His eyes had come back to mine with curiosity. “How’d you track me down?”
“Through the adoption agency,” I said. “They had her birth certificate on file.”
He shook his head. “Well, I hope you’ll tell her how much I’d like to see her. I’d given up any expectation of it after all these years. I don’t suppose you’d give me her address and telephone number.”
“Not without her permission,” I said. “In the meantime, I’m still interested in finding Mrs.

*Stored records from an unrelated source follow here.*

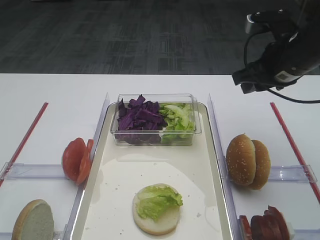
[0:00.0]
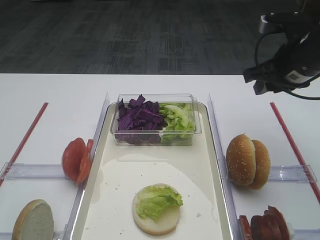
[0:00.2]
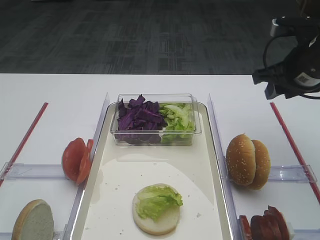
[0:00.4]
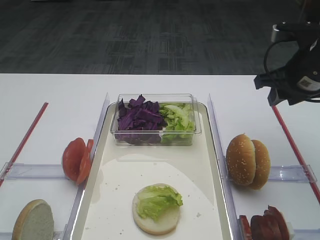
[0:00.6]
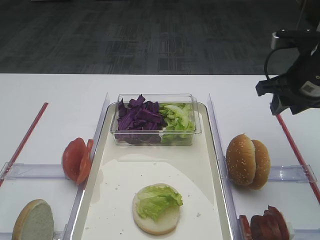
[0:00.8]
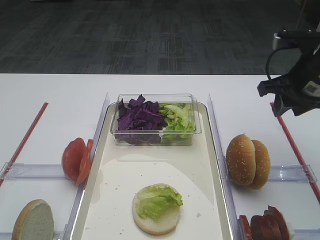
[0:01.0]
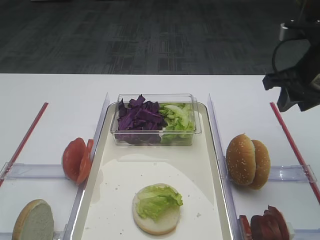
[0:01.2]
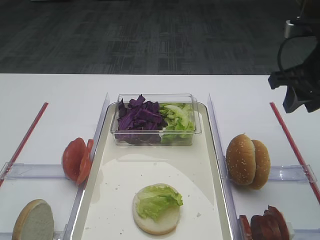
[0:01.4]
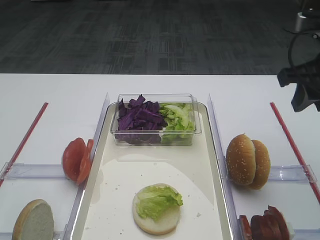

Bronfen. Do you have any suggestions about where I might start to look?”
“No, ma’am. After she left, I tried everything I could think of-police, private investigators. I put notices in the newspapers all up and down the coast. I never heard a word.”
“Do you remember when she left?”
“Not to the day. It would have been the fall of nineteen thirty-nine. September, I believe.”
“Do you have any reason to think she might be dead?”
He thought about that briefly. “Well, no. But then I don’t have any reason to think she’s still alive either.”
I took a small spiral-bound notebook from my handbag and leafed through a page or two. I was actually consulting an old grocery list, which Dietz studied with interest, looking over my shoulder. He gave me a bland look. I said, “The adoption agency mentions someone named Anne Bronfen. Would that be your sister? The files weren’t clear about the connection. I gathered she was listed as next-of-kin when the adoption forms were filled out.”
“Well now, I did have a sister named Anne, but she died in nineteen forty . . . three or four months after Sheila left.”